Karma may be the only revenge against the hacking group that victimized 110 nursing homes across the country with a ransomware attack. Virtual Care Provider Inc., (VCPI) announced they were hacked with Ryuk ransomware that encrypted all nursing home data files, including the health records of every resident in the affected facilities. The Wisconsin based company is responsible for all data management for the 110 nursing homes, including medical records, email, internet, phones, billing, payroll, and more. The attackers demand $14 million in Bitcoin to restore the encrypted files. VCPI confirms the entirety of its data is encrypted by the attack, estimating 80,000 computers and servers used to run facilities in 45 states remained frozen until the ransom was paid.
While the investigation into the Ryuk attack is ongoing, security experts found the initial hack may go back to September of 2018. Ryuk typically gets access to computers with an email phishing campaign using Trickbot malware. Once Trickbot is installed, Ryuk goes to work. Before they strike the target, the hackers calculate how much ransom the victims can afford to fork over to get their encrypted data back. However, in the case of VCPI, the calculations were terribly inaccurate and overrated. The company says they are unable to pay the $14 million Bitcoin ransom to restore the heisted data. Ransomware victims struggle with the decision to pay a ransom or not, with the FBI claiming that paying a ransom demand only encourages more attacks. Plus, there’s no guarantee that unscrupulous attackers will ultimately hand over the key that’s necessary to decrypt the ransomed data.
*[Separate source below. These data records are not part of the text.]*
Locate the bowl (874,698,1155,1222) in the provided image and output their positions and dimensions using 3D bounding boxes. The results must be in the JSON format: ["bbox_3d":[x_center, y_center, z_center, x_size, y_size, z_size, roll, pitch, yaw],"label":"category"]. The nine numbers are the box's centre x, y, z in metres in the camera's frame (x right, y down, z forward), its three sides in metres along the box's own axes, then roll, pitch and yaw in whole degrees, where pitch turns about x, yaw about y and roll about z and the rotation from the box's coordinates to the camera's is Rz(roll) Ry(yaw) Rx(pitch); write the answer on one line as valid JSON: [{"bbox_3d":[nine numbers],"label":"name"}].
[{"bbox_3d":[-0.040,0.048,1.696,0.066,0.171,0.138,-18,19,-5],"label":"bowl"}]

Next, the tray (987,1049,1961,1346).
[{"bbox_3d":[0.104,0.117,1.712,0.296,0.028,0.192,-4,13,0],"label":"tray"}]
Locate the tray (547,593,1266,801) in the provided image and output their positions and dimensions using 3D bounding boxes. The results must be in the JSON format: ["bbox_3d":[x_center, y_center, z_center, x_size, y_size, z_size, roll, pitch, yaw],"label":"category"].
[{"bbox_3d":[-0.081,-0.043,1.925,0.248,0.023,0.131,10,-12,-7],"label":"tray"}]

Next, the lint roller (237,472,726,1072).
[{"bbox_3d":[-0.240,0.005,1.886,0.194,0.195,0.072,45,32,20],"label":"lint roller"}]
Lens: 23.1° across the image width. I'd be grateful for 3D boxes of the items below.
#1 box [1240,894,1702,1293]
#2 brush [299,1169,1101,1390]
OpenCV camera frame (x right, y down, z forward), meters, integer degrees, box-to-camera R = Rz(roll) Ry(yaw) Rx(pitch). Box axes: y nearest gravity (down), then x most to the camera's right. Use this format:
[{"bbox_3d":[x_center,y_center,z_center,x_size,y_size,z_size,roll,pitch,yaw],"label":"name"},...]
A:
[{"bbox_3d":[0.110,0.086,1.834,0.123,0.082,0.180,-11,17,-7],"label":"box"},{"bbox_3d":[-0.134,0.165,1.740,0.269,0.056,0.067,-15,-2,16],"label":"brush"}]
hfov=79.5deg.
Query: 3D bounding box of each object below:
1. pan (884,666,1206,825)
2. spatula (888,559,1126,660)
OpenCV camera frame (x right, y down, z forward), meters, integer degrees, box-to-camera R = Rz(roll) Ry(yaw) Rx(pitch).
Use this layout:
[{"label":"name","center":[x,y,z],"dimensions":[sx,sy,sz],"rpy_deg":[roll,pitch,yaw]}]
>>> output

According to the FBI, ransomware attacks using Ryuk are becoming more prolific. They estimate more than 100 U.S. and international businesses were targeted by the malware since August 2018. The simple strategy behind ransomware is: The more critical the data, the more likely the ransom demand will be paid–and quickly. Bad actors prey on healthcare organizations because lives literally depend on access to vital data. That's why it's so important to keep accurate and functioning backups of all such vitals.
VCPI says since all medical records are now held hostage, residents are even having trouble getting their medications filled. Should residences close in a situation such as this, it’s unknown what will happen to the residents who have nowhere else to go. Since cybercriminals are difficult to identify and rarely undergo prosecution, karma may end up being the only justice they face.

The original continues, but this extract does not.